VMware’s latest security update includes patches for 19 different CVE-numbered vulnerabilities affecting the company’s vCenter Server and Cloud Foundation products.
All of the bugs can be considered serious – they wouldn’t be enumerated in an official security advisory if they weren’t – but VMware has identified one of them, dubbed CVE-2021-22005, as more critical than the rest.
Indeed, VMware’s official FAQ for Security Advisory VMSA-2021-0020 urges that:
The ramifications of this vulnerability are serious and it is a matter of time – likely minutes after the disclosure – before working exploits are publicly available.

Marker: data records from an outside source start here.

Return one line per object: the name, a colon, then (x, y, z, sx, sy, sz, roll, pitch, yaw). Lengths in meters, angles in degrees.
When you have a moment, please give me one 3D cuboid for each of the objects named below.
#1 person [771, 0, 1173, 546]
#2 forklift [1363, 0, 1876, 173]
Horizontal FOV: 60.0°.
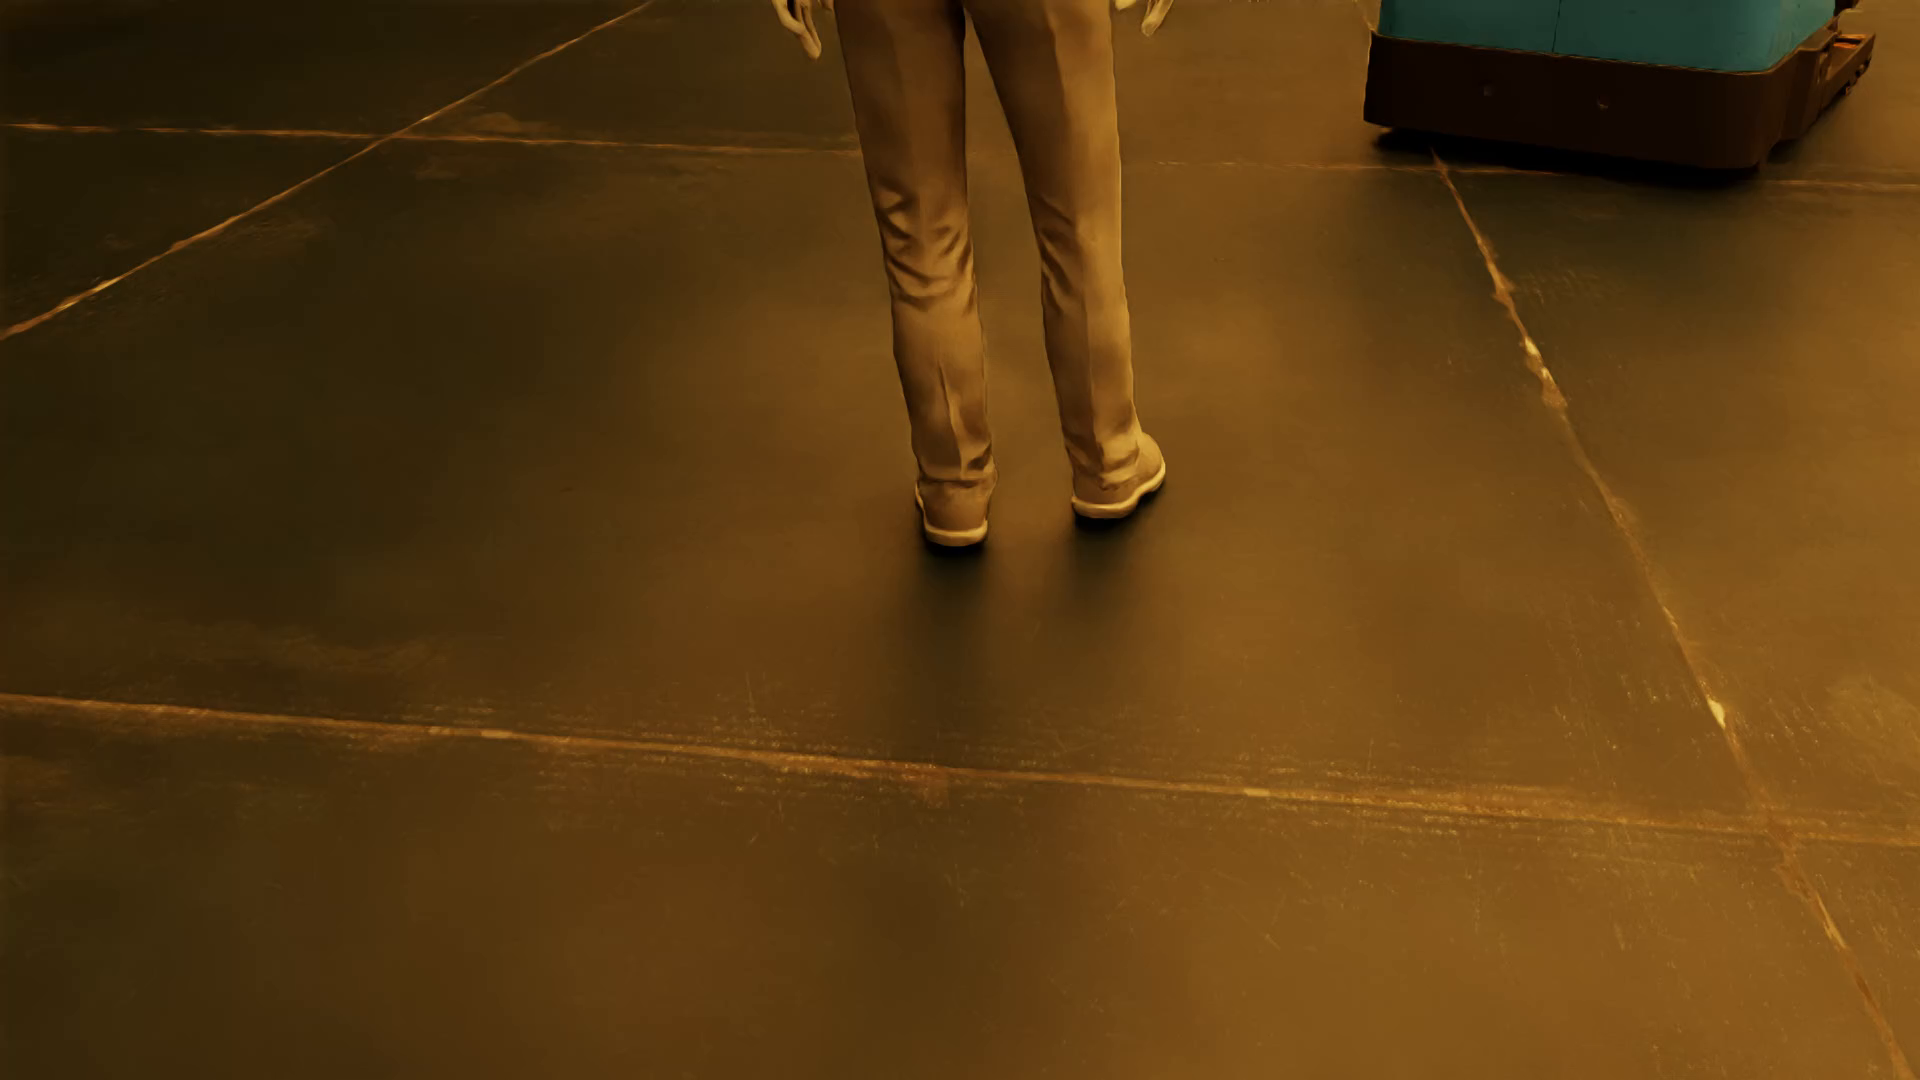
person: (0.016, -0.794, 2.178, 0.586, 1.695, 0.532, 3, 27, 7)
forklift: (2.390, -2.864, 4.958, 1.130, 2.935, 3.031, 17, 31, 30)

In particular, the company explains:
The most urgent [patch] addresses CVE-2021-22005, a file upload vulnerability that can be used to execute commands and software on the vCenter Server Appliance. This vulnerability can be used by anyone who can reach vCenter Server over the network to gain access, regardless of the configuration settings of vCenter Server.
VMware unabashedly says that “this needs your immediate attention,”, and we think it’s a good thing to see a software vendor talking about cybersecurity response in plain English instead of mincing its words.
Upload vulns explained
Generally speaking, file upload vulnerabilities happen when an untrusted user is allowed to upload files of their own choosing…
…but those untrusted files end up saved in a location where the server will subsequently treat them as trusted files instead, perhaps executing them as scripts or programs, or using them to reconfigure security settings on the server.
A classic example of this sort of hack is what’s known as a webshell, as abused in the infamous HAFNIUM attack against Microsoft Exchange servers in early 2021:
In that attack, cybercriminals uploaded innocent-looking text files that were actually server-side scripts.
Usually, when you visit a web server URL that directly corresponds to a file on that server, you simply get the contents of that file sent back to you.
But if server-side scripting is enabled, and the file is a script, then the server runs the script locally, and uses the output of the script as the web content to send back, thus turning the uploaded file into a vehicle for carrying out a remote code execution attack.
Obviously, being able to upload files that shouldn’t be there is dangerous enough on its own, but when untrusted files can be uploaded by unauthenticated users, and the server will then execute those files, it’s as though you just granted administrator access to anyone who wants it, with no password required.
What to do?
As VMware goes out of its way to explain: patch early, patch often!
If you can’t or won’t patch just yet, VMware has provided a temporary workaround that turns off the vulnerable code on affected VMware vCenter systems.
To do this, you need to modify the configuration file /etc/vmware-analytics/ph-web.xml
, and comment out parts of it, in order to stop various vulnerable server plugins from running.
Then you need to restart the vmware-analytics
service.
VMware has published various Python scripts that will make these changes for you, as well as giving full instructions for editing the file by hand.
Even though a reliable workaround is available, we nevertheless echo VMware’s own advice to patch now, and to use the workaround only as a last resort.
The VMSA-2021-0020 security update includes 18 other security fixes, such as privilege escalations and security bypass bugs.
Privilege escalation usually means that a user at a low access level can sneakily boost themselves to gain administrator powers, and security bypass bugs typically allow data that ought to be secret to be winkled out of the system by unauthorised users.
Why not patch right away, and be 19 steps ahead?